The court arrived at this conclusion after determining that a court's role under FIRREA is limited to determining whether the statutory grounds existed for a seizure. The 10th Circuit concluded that, under FIRREA, the statutory grounds exist if in the Director's "opinion" they exist. The court went on to apply a dictionary definition of opinion: "a belief held with confidence, not substantiated by direct proof or knowledge."

The appeal became settled precedent for the post-seizure scope of judicial review for federally insured banks and thrifts after the United States Supreme Court declined to review the case.

In addition to losing on appeal before the 10th Circuit, Franklin's shareholders were denied hearings as a matter of law for their claims to recover the value of their holdings on either Takings (Claims Court and Federal Circuit) or Tort (District and 10th Circuit), a fact which raises questions to this day about the lack of due process in Franklin's case.
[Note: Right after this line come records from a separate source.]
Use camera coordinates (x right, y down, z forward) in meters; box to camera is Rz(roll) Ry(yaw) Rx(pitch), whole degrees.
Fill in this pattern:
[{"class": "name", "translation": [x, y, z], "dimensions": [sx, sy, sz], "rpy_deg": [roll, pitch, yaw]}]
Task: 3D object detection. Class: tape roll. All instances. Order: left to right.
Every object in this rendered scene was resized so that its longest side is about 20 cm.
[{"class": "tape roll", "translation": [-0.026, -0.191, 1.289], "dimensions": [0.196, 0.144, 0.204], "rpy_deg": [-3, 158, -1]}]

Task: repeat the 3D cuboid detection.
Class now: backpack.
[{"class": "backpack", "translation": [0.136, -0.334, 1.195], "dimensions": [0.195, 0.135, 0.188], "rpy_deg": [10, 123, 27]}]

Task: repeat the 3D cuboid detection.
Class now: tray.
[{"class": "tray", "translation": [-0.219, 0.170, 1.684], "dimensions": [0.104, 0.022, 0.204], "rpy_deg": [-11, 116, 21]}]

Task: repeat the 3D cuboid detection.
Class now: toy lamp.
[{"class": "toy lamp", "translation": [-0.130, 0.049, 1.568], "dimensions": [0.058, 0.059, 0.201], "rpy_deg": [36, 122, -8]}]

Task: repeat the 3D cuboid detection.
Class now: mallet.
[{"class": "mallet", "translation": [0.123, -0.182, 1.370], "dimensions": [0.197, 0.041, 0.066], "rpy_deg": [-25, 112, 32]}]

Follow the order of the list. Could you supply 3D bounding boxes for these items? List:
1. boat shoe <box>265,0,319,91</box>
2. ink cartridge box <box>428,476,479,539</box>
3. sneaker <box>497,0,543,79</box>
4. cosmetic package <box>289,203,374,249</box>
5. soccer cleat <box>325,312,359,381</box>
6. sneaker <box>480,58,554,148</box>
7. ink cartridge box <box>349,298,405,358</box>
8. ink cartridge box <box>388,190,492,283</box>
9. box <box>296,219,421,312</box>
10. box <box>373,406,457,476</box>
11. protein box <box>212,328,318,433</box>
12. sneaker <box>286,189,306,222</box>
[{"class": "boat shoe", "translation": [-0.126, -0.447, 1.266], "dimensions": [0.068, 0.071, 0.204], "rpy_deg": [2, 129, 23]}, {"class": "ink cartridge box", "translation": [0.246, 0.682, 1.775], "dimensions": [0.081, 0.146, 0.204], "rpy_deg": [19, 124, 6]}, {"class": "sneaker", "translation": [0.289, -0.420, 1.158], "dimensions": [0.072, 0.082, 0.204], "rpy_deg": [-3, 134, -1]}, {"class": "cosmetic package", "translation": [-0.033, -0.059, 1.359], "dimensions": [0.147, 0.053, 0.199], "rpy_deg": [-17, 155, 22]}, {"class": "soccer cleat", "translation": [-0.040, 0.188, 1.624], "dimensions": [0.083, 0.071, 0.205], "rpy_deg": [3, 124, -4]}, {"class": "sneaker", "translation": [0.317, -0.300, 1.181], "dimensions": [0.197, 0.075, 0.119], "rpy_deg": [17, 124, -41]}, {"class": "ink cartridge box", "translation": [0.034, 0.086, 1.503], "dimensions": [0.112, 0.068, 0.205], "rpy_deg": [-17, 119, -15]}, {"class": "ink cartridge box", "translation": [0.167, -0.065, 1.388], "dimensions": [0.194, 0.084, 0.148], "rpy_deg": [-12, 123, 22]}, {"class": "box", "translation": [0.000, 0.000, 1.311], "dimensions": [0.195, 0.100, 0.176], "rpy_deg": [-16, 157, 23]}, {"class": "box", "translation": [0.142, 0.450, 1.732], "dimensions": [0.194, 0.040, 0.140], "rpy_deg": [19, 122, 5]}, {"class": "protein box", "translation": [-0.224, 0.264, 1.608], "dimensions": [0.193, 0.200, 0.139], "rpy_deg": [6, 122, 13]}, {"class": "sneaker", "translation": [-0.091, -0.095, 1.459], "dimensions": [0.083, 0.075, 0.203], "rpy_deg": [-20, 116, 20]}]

At one point, in an effort to put an end to the shareholders' legal challenges, the RTC/FDIC brought claims for over $200 million against FSA shareholders, directors and officers. But, following a jury trial, the government lost on all 19 separate claims that the Federal District Court Judge had not dismissed as a matter of law. The FDIC, from FSA assets, then paid the defendants $3.5 million to reimburse them for their counsel fees and expenses.

In 1993, Federal Bankruptcy Judge John Flannagan ruled (Finding of Fact Number 80 in the Bankruptcy Court's opinion in In re Franklin Savings Corp., 159 B.R. 9, 25 (Bankr.D.Kan. 1993): “As of January 1, 1990, FSA capital, according to generally accepted accounting principles, was $388,519,213.” He also noted: "FSC has urged the Court to accept the factual findings Judge Saffels made in Franklin Sav. v. Office of Thrift Supervision, 742 F.Supp. 1089 (D.Kan.1990), as legally binding factual findings in this case. This Court finds it unnecessary to address that request since it has made its own independent findings of fact based on the evidence presented on the record made here."

In 2004, Federal Bankruptcy Court Judge John Lungstrum, in his opinion granting summary judgment in favor of FSC on its objection to the OTS claim in FSC v. OTC, 303 B.R. 488 (D.Kan. 2004), concluded: “It is undisputed that a capital deficiency did not exist.”

Ultimately, in December 2011 bankruptcy court proceedings, the FDIC agreed that in seizing Franklin the OTS had taken over a solvent and fully capital compliant institution (Stipulation Dkt. #1628 filed 12/21/2011, ¶ 4, p. 2 [At the time of the appointment of the Conservator, FSA had a GAAP net worth of $388,519,213.]).